Records to use below:

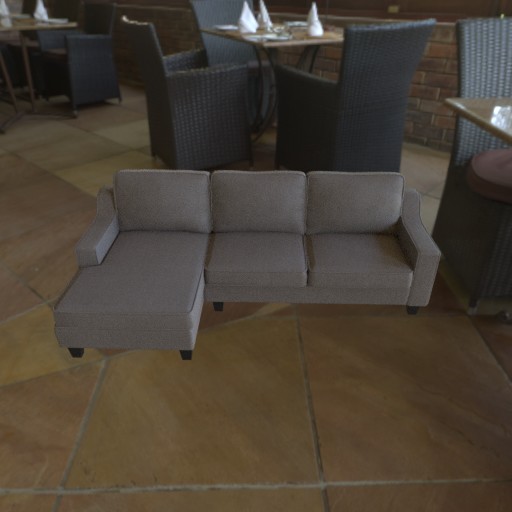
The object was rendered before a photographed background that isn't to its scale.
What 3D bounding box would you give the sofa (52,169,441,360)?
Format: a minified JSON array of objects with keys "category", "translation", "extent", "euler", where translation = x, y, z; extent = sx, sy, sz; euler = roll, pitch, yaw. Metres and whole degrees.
[{"category":"sofa","translation":[0.000,0.000,3.240],"extent":[2.561,0.928,1.294],"euler":[1,32,1]}]
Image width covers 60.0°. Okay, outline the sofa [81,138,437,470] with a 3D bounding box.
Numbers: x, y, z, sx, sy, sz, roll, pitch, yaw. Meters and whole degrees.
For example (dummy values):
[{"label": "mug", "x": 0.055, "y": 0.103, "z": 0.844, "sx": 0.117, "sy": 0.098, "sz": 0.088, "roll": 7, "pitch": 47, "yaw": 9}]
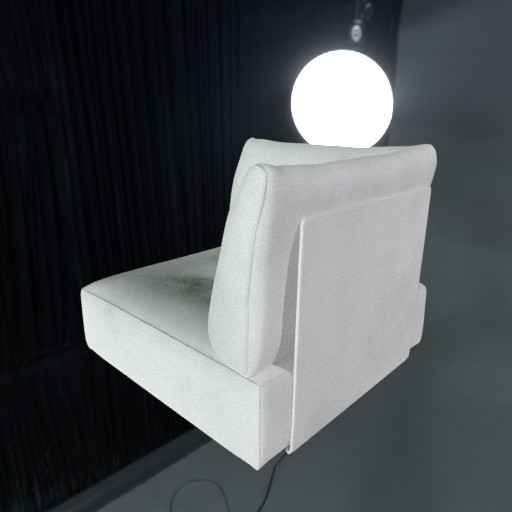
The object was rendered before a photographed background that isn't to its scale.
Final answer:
[{"label": "sofa", "x": 0.000, "y": 0.000, "z": 1.676, "sx": 1.000, "sy": 0.820, "sz": 1.000, "roll": 16, "pitch": 23, "yaw": 41}]
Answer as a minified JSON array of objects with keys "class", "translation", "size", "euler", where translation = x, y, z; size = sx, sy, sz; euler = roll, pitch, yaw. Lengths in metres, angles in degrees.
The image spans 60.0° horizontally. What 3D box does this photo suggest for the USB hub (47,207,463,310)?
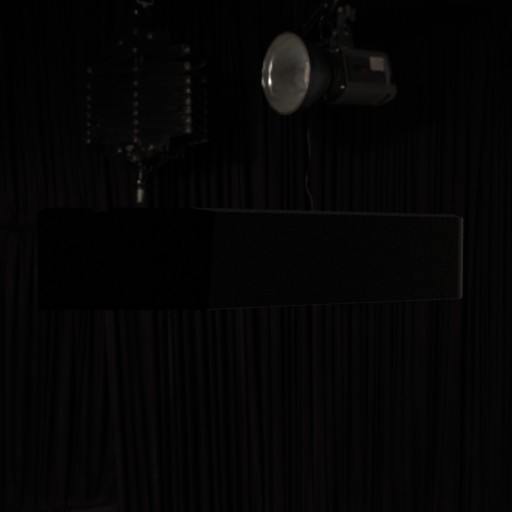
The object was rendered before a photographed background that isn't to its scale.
[{"class":"USB hub","translation":[0.000,0.000,0.126],"size":[0.110,0.023,0.044],"euler":[0,1,-17]}]
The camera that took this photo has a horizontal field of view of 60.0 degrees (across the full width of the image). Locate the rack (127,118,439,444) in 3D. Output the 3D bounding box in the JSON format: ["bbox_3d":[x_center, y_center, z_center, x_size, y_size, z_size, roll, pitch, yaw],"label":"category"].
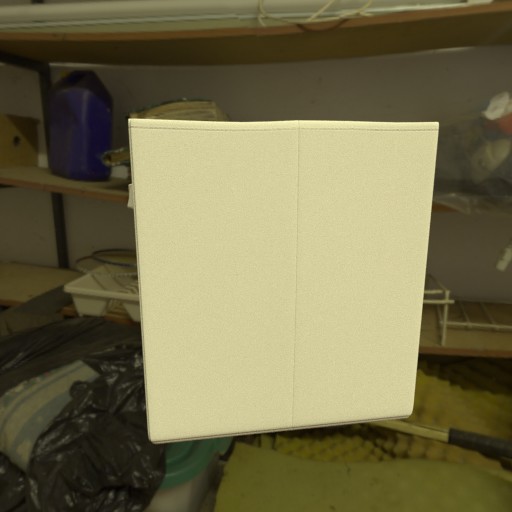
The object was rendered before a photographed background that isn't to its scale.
[{"bbox_3d":[0.000,0.000,0.506,0.270,0.280,0.270,-2,14,-9],"label":"rack"}]

End of Records to use.

## Exercise directions
Work out how many lines in the records above contain the word "What", and reply with that number alone.

## Exercise response
2